**Exercise description**:
Below are entries. Copy exactly the lines running from the line that holds "#6 person [203, 369, 253, 513]" to the line that holds "#11 person [697, 626, 754, 819]", with both ends included.

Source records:
####
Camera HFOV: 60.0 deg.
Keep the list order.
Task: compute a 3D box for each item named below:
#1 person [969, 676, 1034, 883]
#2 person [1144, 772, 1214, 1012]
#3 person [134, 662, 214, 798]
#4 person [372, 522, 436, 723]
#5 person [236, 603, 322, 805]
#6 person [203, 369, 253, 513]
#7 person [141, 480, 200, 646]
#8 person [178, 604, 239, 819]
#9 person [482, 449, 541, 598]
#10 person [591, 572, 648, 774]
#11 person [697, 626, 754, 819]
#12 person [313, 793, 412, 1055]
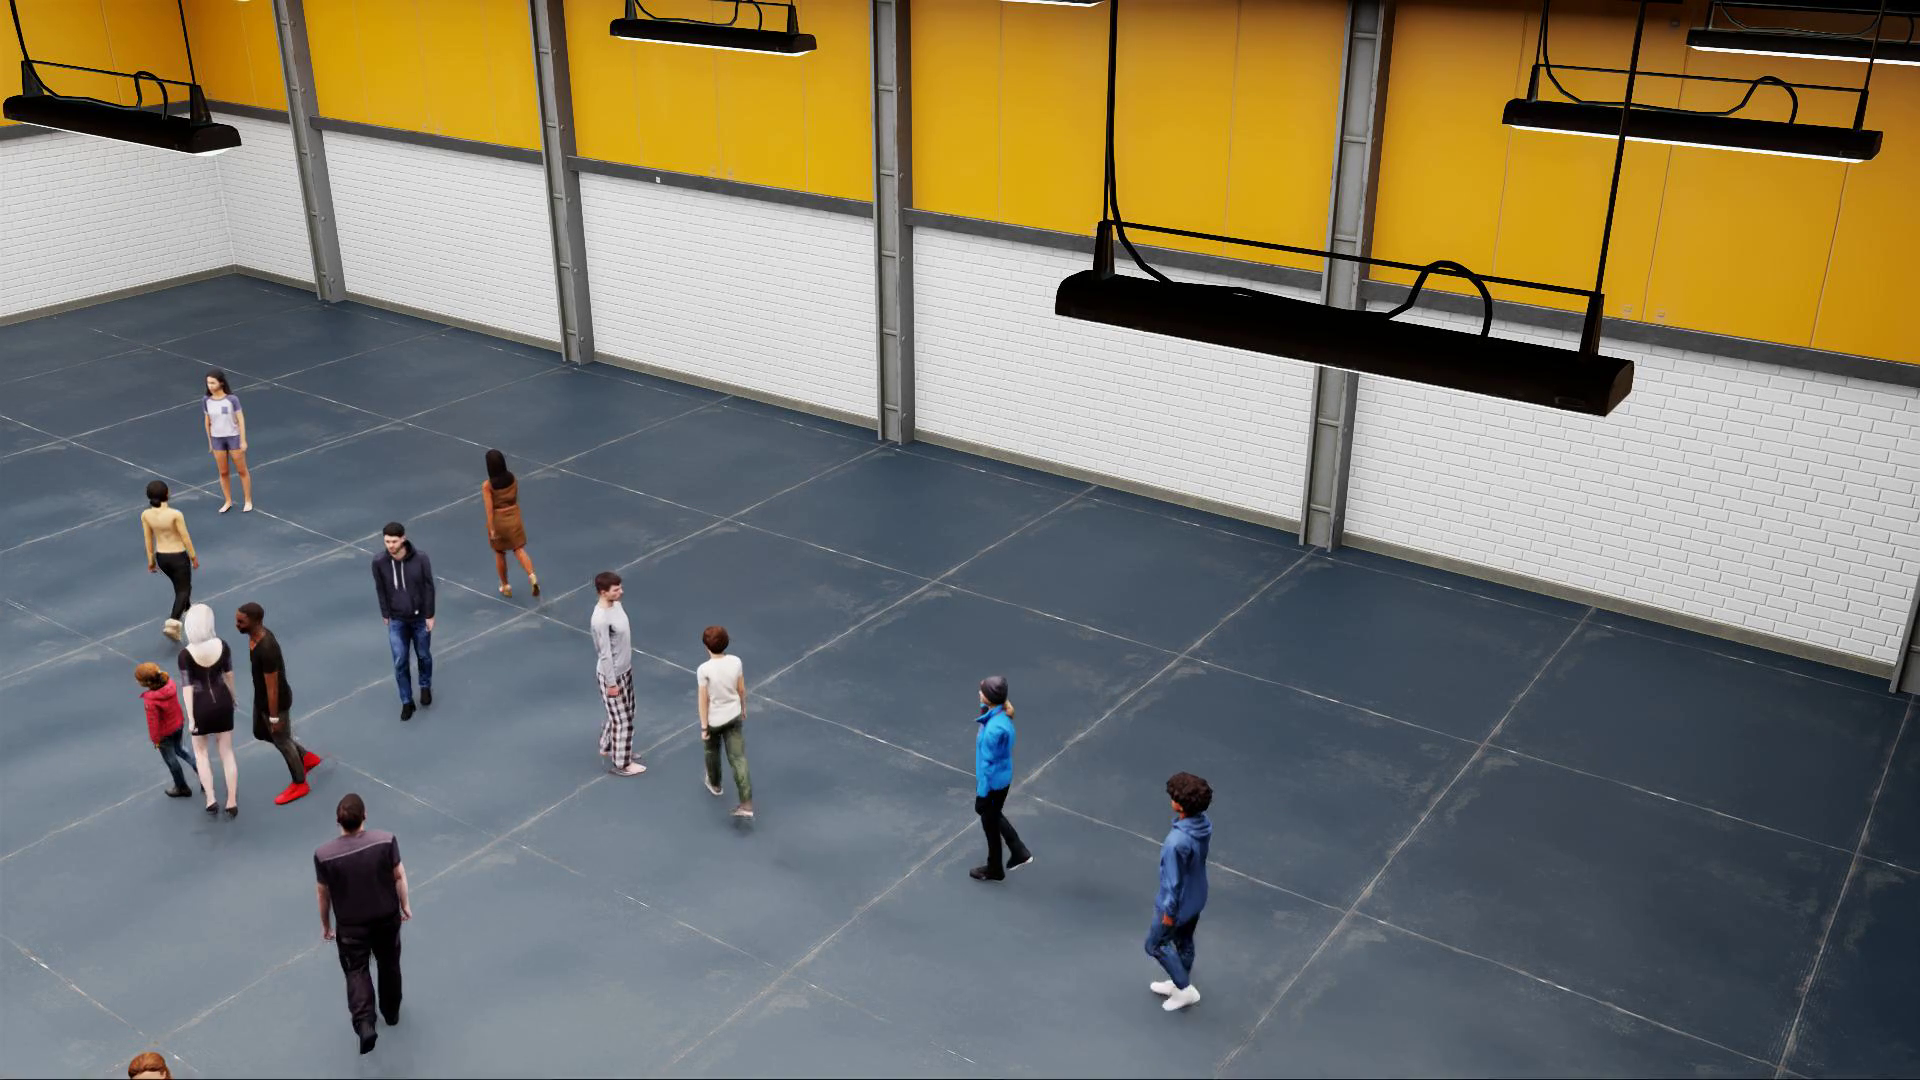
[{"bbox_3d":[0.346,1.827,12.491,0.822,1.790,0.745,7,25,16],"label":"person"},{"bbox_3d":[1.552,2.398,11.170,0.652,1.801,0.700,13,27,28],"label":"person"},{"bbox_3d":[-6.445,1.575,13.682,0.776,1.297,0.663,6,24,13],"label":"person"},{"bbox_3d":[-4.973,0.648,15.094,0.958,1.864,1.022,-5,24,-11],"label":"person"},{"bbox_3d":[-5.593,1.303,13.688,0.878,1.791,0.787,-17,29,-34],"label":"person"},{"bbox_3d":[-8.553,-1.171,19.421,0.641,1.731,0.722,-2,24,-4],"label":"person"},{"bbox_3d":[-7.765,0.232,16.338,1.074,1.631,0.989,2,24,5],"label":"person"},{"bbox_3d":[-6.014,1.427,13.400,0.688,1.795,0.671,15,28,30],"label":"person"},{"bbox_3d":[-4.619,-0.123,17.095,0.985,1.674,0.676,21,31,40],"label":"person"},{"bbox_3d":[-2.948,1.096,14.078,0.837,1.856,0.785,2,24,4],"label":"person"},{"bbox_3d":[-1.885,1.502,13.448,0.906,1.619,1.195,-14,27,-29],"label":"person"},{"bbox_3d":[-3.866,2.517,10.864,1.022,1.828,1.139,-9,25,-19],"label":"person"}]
####
**Result below**:
#6 person [203, 369, 253, 513]
#7 person [141, 480, 200, 646]
#8 person [178, 604, 239, 819]
#9 person [482, 449, 541, 598]
#10 person [591, 572, 648, 774]
#11 person [697, 626, 754, 819]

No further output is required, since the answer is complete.